--- START ---

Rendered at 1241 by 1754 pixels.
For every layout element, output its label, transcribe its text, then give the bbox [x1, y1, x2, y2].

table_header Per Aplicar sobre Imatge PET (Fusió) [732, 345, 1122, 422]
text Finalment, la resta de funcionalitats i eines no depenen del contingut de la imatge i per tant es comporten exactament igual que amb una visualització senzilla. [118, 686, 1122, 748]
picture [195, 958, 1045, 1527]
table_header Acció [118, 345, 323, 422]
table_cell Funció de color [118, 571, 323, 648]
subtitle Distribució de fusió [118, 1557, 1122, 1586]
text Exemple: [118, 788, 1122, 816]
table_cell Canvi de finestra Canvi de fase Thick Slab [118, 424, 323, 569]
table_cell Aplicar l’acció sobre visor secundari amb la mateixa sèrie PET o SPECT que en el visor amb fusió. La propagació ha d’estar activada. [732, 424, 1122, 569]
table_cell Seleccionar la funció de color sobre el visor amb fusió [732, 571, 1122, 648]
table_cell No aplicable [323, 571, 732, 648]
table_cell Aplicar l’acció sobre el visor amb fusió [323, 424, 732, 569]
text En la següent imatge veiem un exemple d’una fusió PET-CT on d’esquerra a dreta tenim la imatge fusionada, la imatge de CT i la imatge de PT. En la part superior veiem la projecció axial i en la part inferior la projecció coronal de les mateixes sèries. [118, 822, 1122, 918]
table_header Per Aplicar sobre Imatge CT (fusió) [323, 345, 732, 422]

--- END ---
--- START ---

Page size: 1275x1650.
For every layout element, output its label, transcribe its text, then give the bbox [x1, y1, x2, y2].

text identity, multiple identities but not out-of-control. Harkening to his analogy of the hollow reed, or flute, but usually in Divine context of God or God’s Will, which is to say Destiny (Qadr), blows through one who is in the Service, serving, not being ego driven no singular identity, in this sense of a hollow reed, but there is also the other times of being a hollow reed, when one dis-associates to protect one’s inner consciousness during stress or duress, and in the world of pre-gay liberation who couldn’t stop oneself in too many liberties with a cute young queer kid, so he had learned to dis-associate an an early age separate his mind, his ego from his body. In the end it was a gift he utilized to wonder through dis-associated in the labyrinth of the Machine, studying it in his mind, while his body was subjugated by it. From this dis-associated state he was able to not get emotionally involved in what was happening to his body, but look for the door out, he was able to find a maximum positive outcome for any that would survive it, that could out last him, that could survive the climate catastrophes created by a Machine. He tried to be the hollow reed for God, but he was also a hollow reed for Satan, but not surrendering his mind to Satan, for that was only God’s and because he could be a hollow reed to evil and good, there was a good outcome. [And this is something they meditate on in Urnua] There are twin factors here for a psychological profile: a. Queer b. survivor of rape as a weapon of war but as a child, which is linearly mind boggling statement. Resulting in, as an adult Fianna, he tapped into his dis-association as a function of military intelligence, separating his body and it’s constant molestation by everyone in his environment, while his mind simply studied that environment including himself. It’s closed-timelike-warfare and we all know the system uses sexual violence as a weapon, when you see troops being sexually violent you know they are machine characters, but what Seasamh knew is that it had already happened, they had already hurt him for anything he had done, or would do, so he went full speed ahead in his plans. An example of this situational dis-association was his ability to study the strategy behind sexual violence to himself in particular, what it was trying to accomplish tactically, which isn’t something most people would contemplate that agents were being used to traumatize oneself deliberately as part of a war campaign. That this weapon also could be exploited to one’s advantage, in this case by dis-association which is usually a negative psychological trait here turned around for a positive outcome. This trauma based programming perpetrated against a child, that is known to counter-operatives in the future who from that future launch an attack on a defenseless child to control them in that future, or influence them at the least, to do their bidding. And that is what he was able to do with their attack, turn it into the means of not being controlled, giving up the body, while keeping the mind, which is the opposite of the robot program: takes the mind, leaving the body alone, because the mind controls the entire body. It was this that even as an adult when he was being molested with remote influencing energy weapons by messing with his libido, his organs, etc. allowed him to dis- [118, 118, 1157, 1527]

--- END ---
--- START ---

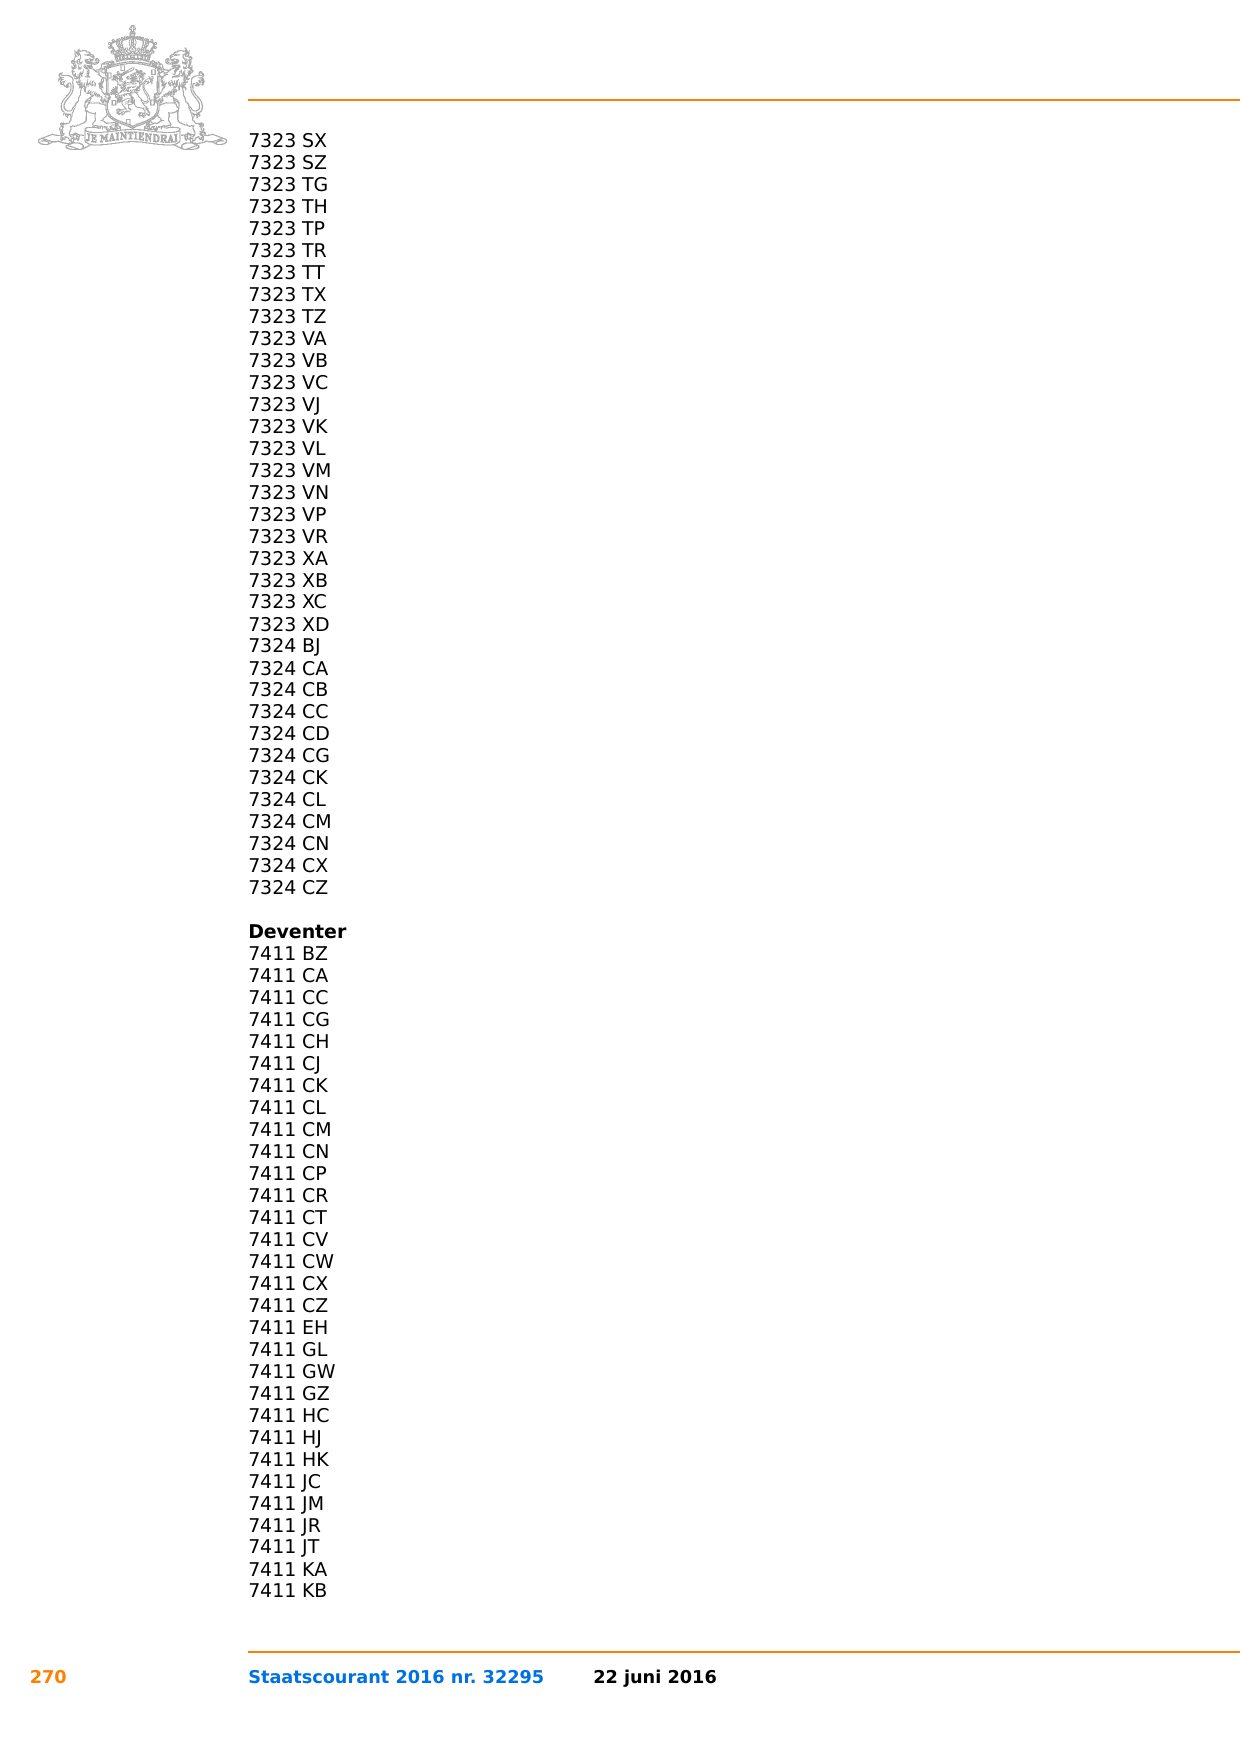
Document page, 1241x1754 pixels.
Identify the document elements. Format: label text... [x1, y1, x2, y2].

--- END ---

- TASK TO COMPLETE -
For the lines above, output exactly those from the line containing "Document page, 1241x1754 pixels." through the line containing "Identify the document", and skip the others.

- PROBLEM SOLUTION -
Document page, 1241x1754 pixels.
Identify the document elements. Format: label text... [x1, y1, x2, y2].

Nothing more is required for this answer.